Studio album by Math and Physics Club
- Released: October 16, 2006
- Genre: Indie rock, twee pop
- Length: 28:30
- Label: Matinée

Math and Physics Club chronology
| Movie Ending Romance (EP) (2005) | Math and Physics Club (2006) | Baby I'm Yours (EP) (2007) |

= Math and Physics Club (album) =

Math and Physics Club is the self-titled debut album by Seattle indie rock band Math and Physics Club. The album was recorded over two days in early June 2006 at Seattle's Avast! Recording. Kevin Suggs, known for his work with Cat Power and The Walkabouts, as well as for engineering live sessions for KEXP, engineered and co-produced the sessions.

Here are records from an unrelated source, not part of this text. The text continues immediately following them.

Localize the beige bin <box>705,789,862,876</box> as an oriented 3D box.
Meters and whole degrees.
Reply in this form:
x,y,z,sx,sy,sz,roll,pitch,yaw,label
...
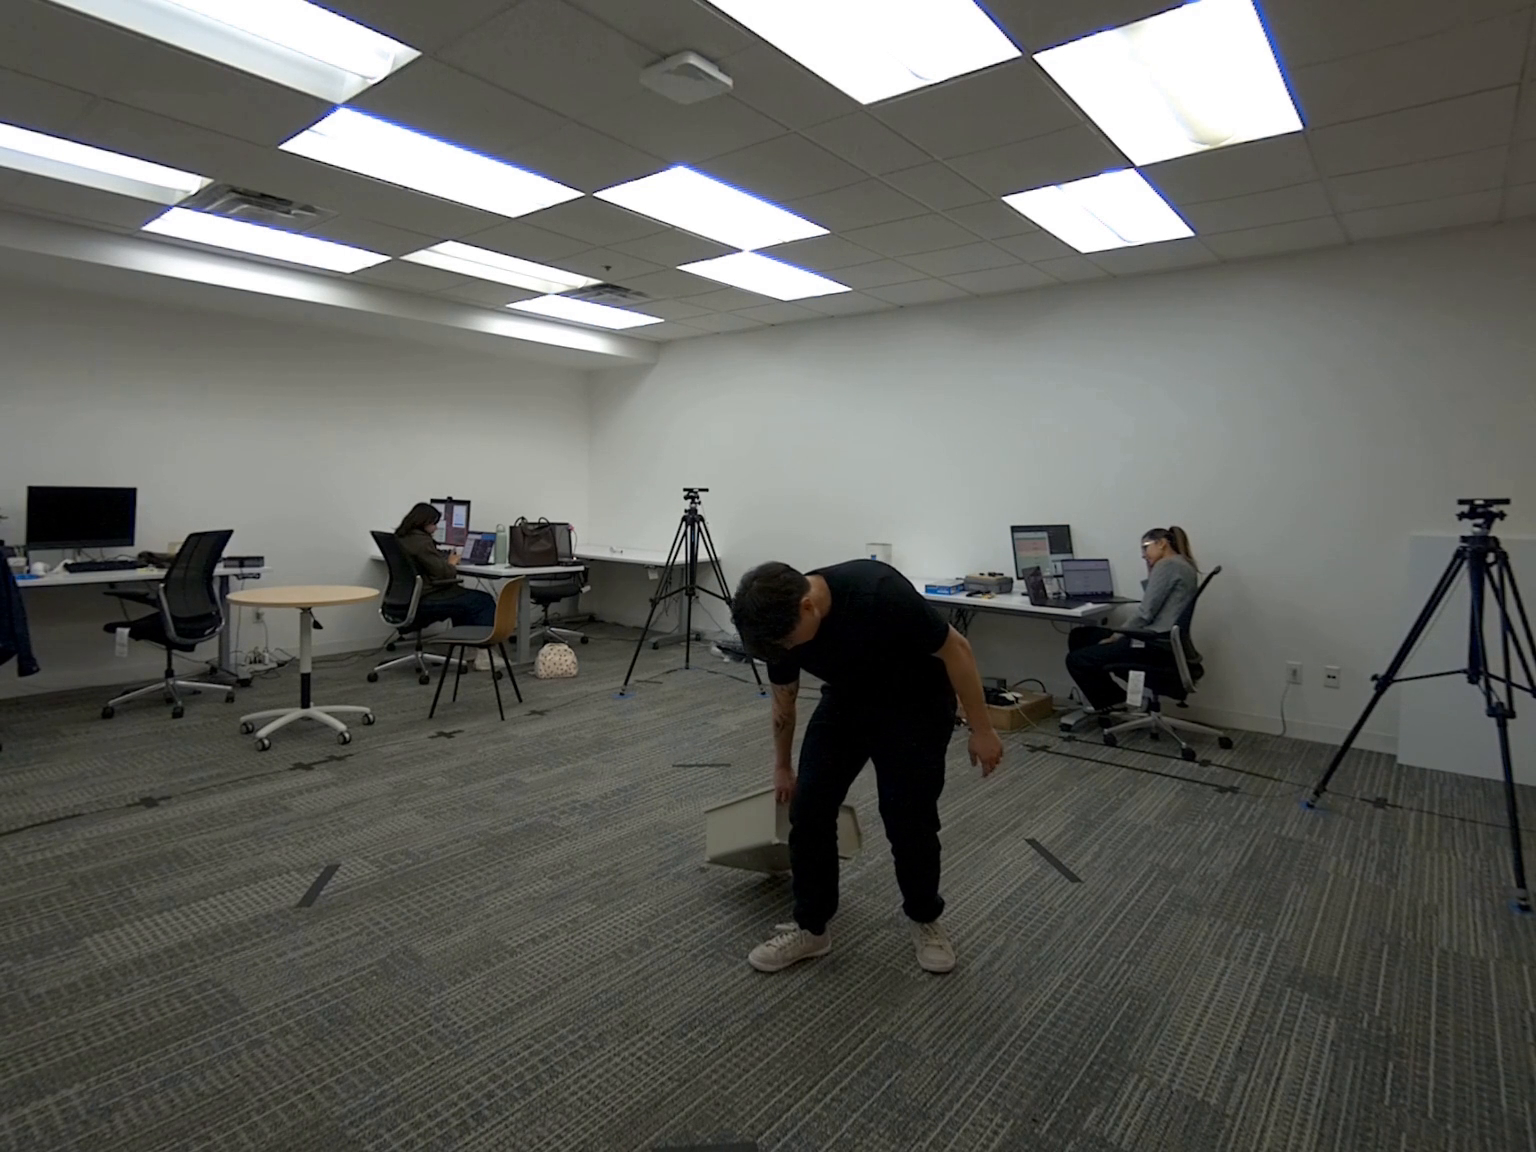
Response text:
x,y,z,sx,sy,sz,roll,pitch,yaw,label
0.032,0.881,2.915,0.364,0.193,0.427,21,-35,-32,beige bin

The album was released to favorable reviews in October 2006. Marc Hogan, writing for Pitchfork, declared that the album's "brazenly sweet songs of quiet heartbreak" ... "should get some warm looks from a new generation of tender-hearted, bookish music listeners." PopMatters declared Math and Physics Club the best indie pop album of 2006, with Dave Heaton writing that "the melodies are catchy but in a lasting, not disposable way; the lyrics are articulate, smart expressions of feelings (hope, heartbreak, sadness, wonder); the songs are played and arranged with such bare-bones grace that they begin to resemble Zen expressions of pop music's essence."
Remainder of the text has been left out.